Restait à éliminer le reste de la population !
Le cénacle pensa immédiatement aux vaccins qui tuent. Faire des vaccins tueurs était un jeu d’enfants, mais les vagues successives de variants ou de mutants de virus anciens avaient avivé les méfiances de tous et de chacun, personne ne se pressait pour se faire vacciner. Et le temps pressait : la température montait, elle atteignait déjà 3,9°C et d’immenses régions en Afrique équatoriale, au Brésil, au Venezuela, en Inde, en Chine connaissaient des seuils létaux, les personnes succombaient dès que le soleil perçait les nuages. La panique s’emparait des populations, des émeutes sans buts, sans objectifs, éclataient, juste pour se prémunir de la peur, pour penser à autre chose qu’à la mort.
Les experts trouvèrent la solution : il fallait vacciner à leur insu les personnes que l’on souhaitait épargner avant que de répandre par tous les moyens à disposition le virus qui exterminerait les quelques milliards d’habitants restants. Le cénacle approuva !
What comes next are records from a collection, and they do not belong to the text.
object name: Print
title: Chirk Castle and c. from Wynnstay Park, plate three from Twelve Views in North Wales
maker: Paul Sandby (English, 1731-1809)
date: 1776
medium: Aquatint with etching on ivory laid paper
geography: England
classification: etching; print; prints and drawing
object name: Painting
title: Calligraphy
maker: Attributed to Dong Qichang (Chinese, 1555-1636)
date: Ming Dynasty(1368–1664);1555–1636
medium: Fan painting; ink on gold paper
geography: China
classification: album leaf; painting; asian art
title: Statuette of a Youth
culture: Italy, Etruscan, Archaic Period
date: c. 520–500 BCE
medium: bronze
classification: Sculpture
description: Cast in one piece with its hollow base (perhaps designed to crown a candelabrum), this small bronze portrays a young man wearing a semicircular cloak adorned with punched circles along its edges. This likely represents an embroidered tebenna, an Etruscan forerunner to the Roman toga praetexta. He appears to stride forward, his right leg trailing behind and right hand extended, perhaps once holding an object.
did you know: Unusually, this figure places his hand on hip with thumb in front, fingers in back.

Avant que de procéder à la solution ultime, il fallait trouver des dérivatifs aux populations. L’Amour sous forme d’un dieu avait dangereusement dérivé vers des tendances égalitaires voire collectivistes depuis Bossuet et son sermon sur ‘l’éminente dignité des pauvres’. Il fallait s’en débarrasser ! Éradiquer l’Amour, c’était mettre fin à la famille, au Père, à la Mère, à l’amitié, aux sentiments les plus nobles. Pour ce faire, seul le cul pouvait convenir. Ce qui fut fait ! Noël fut remplacé par la fête de la défloration anale, les vidéos pornographiques furent mises à disposition gratuitement dès le plus jeune âge, les gens mariés depuis toujours furent ridiculisés par les animateurs télévisuels… Le schéma fonctionna, rien ne résiste à la médiocrité lorsqu’elle est recommandée par les puissants.
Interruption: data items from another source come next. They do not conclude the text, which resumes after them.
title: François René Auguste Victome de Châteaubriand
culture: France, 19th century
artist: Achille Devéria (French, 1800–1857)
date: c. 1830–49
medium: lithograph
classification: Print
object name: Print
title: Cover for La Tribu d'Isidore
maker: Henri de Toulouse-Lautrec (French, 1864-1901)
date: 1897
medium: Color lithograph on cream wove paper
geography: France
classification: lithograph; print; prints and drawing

Les infectiologues Costaricain conservaient depuis le temps de la guerre froide une souche virale nommée H5N1-Modif qui s’était révélée d’une telle dangerosité que sa présence n’avait pas été révélée, même auprès de la communauté scientifique. La transmission virale pouvait s’effectuer avant l’apparition des symptômes via les voies respiratoires, la seule proximité, même sans contact, permettait à l’infection de se répandre. Le taux de mortalité était proche de 100%.
Les personnes ciblées de l’élite reçurent par la poste traditionnelle un paquet en recommandé : il contenait une girafe Gulli. En la pressant un aérosol contenant le vaccin permettant de combattre le virus H5N1-Modif venait imprégner le tissu bronchique de la personne qui l’avait actionnée. Elle serait sauve, elle ne le savait pas, elle ne le saurait jamais, tout serait fait pour qu’elle croie à la providence. L’élite élue devait transmettre la girafe aux 300 personnes de son choix, tel qu’il était indiqué dans la lettre d’accompagnement. Le taux de protection effectif de la population ciblée n’excéda pas 78%. Malgré le déchet vis-à-vis de l’objectif, la seconde phase fut entamée, les désordres, les émeutes, les troubles éclatant chaque jour de plus belle.
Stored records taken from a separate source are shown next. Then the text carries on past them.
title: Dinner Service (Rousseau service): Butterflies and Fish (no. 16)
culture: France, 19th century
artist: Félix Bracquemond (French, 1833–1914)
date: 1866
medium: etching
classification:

Les avions, les drones, les hélicoptères, les camions équipés de pulvérisateurs et toutes sortes d’autres engins entamèrent des rondes incessantes en pulvérisant des centaines de milliers de mètres cubes de liquides contenant le virus H5N1-Modif. Une prime fut offerte aux ouvriers les plus laborieux, ce qui n’empêcha pas leur élimination ultérieure à la machette. En quelques semaines tout fut consommé.
Et un monde merveilleux, digne des promesses du Paradis perdu, put s’installer. Les peuples élus ne craignaient plus qu’une chose : mourir d’ennui.